Editorial Introduction to the Israel/Palestine Section of the March/April 2009 Tikkun:
Normally Tikkun tries to publish articles that reflect a progressive middle path, but in the heat of the violent struggle that erupted in January 2009, that proved difficult to find.
In our New York Times ad of 1/14/09, which you can read by clicking here, we avoid the discussion of who is really to blame for what happened in Gaza. As you can see by looking at this issue's letters to the editor (see the print edition), which include a representative sample of responses, many of our readers came down heavily on one side or the other. We decided that instead of presenting our perspective once again, we would present two partisans, neither of whom reflects the compassionate tone and attempt to understand the other side that we believe is essential if we are ever to move from the "blame game" to the healing. We hoped thereby to document the extent of each side's inability to hear the suffering of the other side. It is this inability that makes real, tikkunish healing impossible. This healing would be better achieved through the approach outlined by Cherie Brown (see the print edition) and is reflected in the proposals that you can read in our ad or in the introduction to our "Israel at 60" issue from May 2008.
Both print editions can be bought here:
https://www.reachandteach.com/store/index.php?l=product_list&c=30.
Website Editor's note: This article by Doug Lieb responds only to the print version of Jerome Slater's "A Perfect Moral Catastrophe," which you can read by clicking here. Both were printed in the March/April 2009 issue of Tikkun. While that was going to print, Jerome Slater prepared a much longer, footnoted version of his article for the web, which you can read by clicking here, to which Doug Lieb naturally did not have access.
March 31, 2009: Jerome Slater has now written a response to Doug Lieb, here.
The title of Jerome Slater's "A Perfect Moral Catastrophe" pretty well sums up this comprehensive brief against Israel.
For Slater, Israel doesn't just suffer from bad policymaking. It is rotten to its core. Slater's Israel deliberately blows up hospitals, violates every principle of just war theory, and endangers "the entire world." Its leaders are not to be believed when they say they want peace, nor are its adversaries when they say they want to destroy it. Those looking for the shades of gray of a complex reality should look elsewhere.
To be fair, however, Slater's essay is original and illuminating in its own way. For he has the courage to argue explicitly what most of Israel's critics would rather let linger under the surface: that unless Israel withdraws completely to its pre-1967 borders, Israeli civilians should be allowed to die.

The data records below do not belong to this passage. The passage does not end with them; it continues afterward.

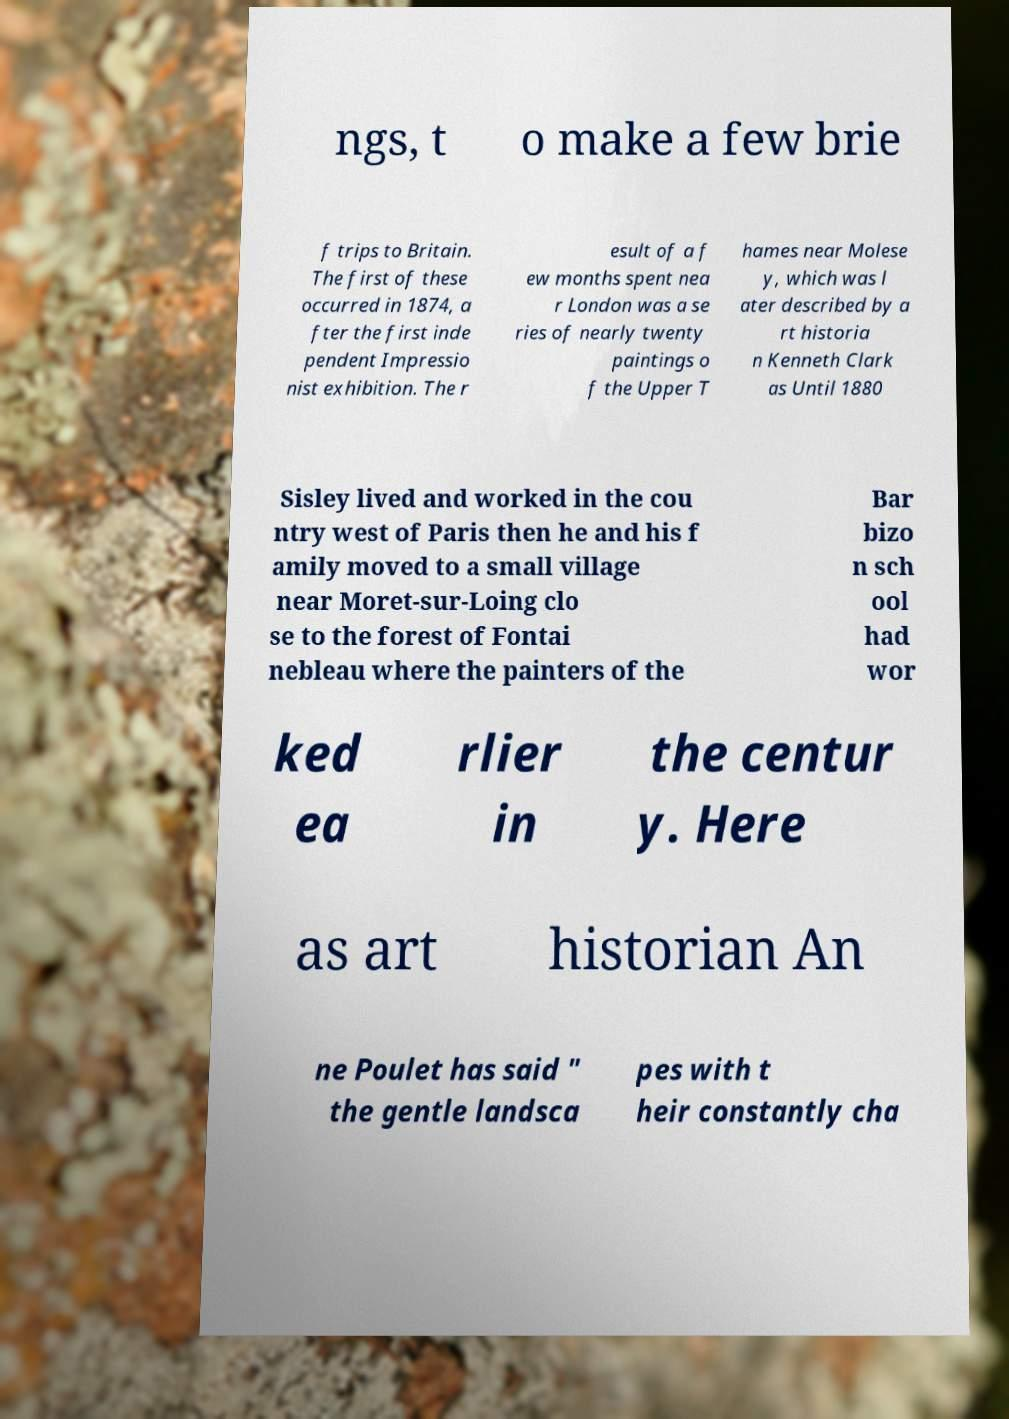Could you assist in decoding the text presented in this image and type it out clearly? ngs, t o make a few brie f trips to Britain. The first of these occurred in 1874, a fter the first inde pendent Impressio nist exhibition. The r esult of a f ew months spent nea r London was a se ries of nearly twenty paintings o f the Upper T hames near Molese y, which was l ater described by a rt historia n Kenneth Clark as Until 1880 Sisley lived and worked in the cou ntry west of Paris then he and his f amily moved to a small village near Moret-sur-Loing clo se to the forest of Fontai nebleau where the painters of the Bar bizo n sch ool had wor ked ea rlier in the centur y. Here as art historian An ne Poulet has said " the gentle landsca pes with t heir constantly cha 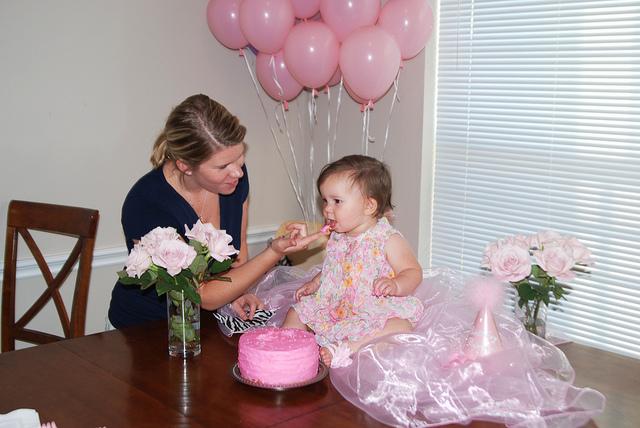Which hand is the mother using to touch the baby?
Be succinct. Right. What are they celebrating?
Give a very brief answer. Birthday. Does the dress have lace on it?
Be succinct. No. What color is the babies dress?
Concise answer only. Pink. 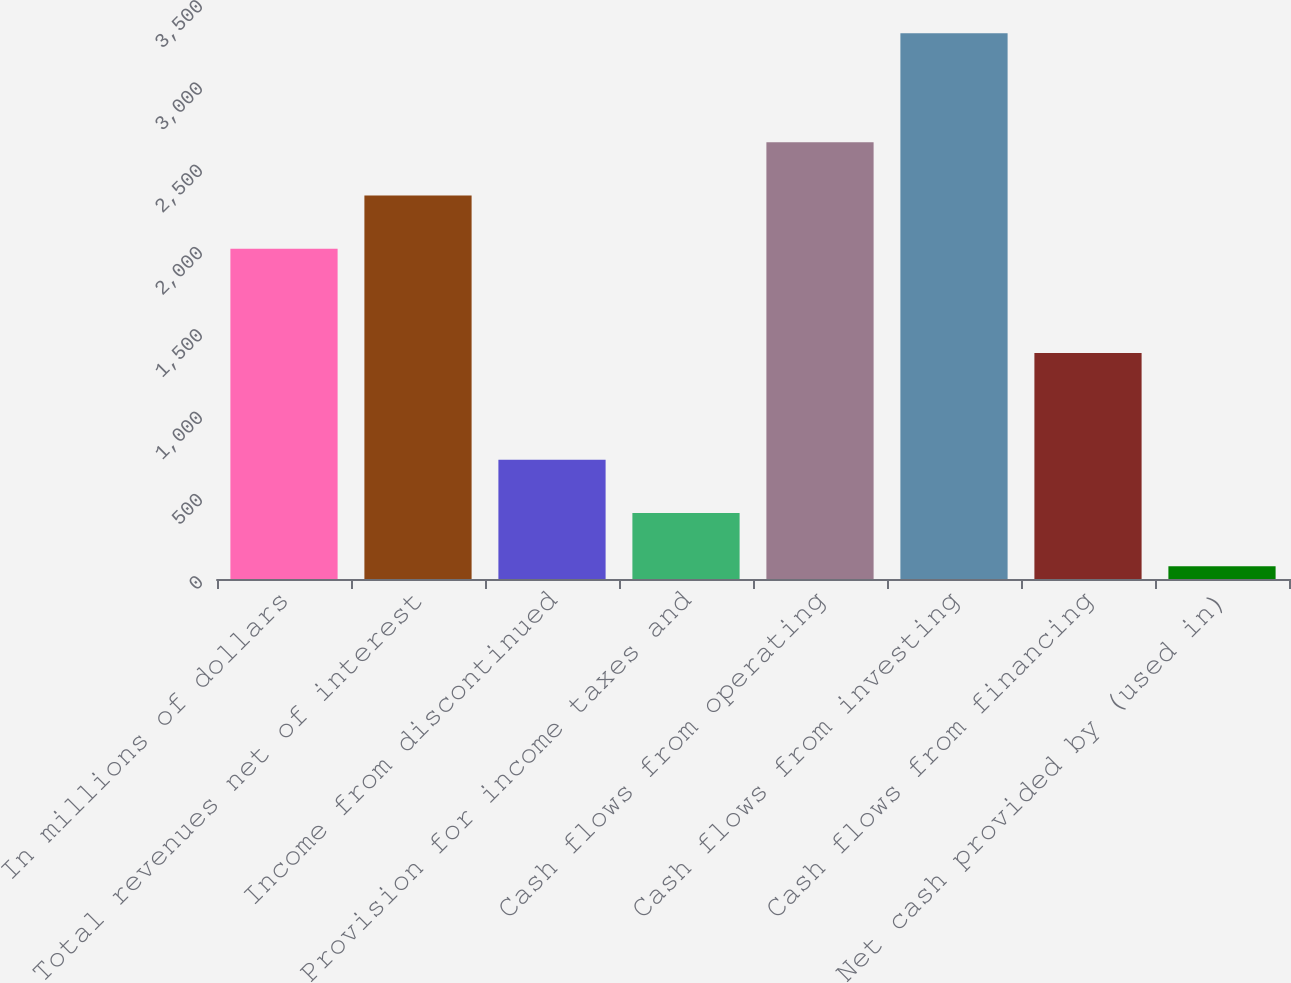Convert chart to OTSL. <chart><loc_0><loc_0><loc_500><loc_500><bar_chart><fcel>In millions of dollars<fcel>Total revenues net of interest<fcel>Income from discontinued<fcel>Provision for income taxes and<fcel>Cash flows from operating<fcel>Cash flows from investing<fcel>Cash flows from financing<fcel>Net cash provided by (used in)<nl><fcel>2006<fcel>2329.9<fcel>724.8<fcel>400.9<fcel>2653.8<fcel>3316<fcel>1372.6<fcel>77<nl></chart>

This erroneous, counterproductive, and unethical view has little to do with just war theory, and much in common with those who just want to wage war on Israel.
***
Slater begins with the question, "Did Israel have a moral right to go to war against Hamas in order to end its rocket attacks aimed at the Israeli population?" He says no, as "it is widely argued" that Israel's 2005 withdrawal from Gaza was just a ruse to consolidate its control over the West Bank.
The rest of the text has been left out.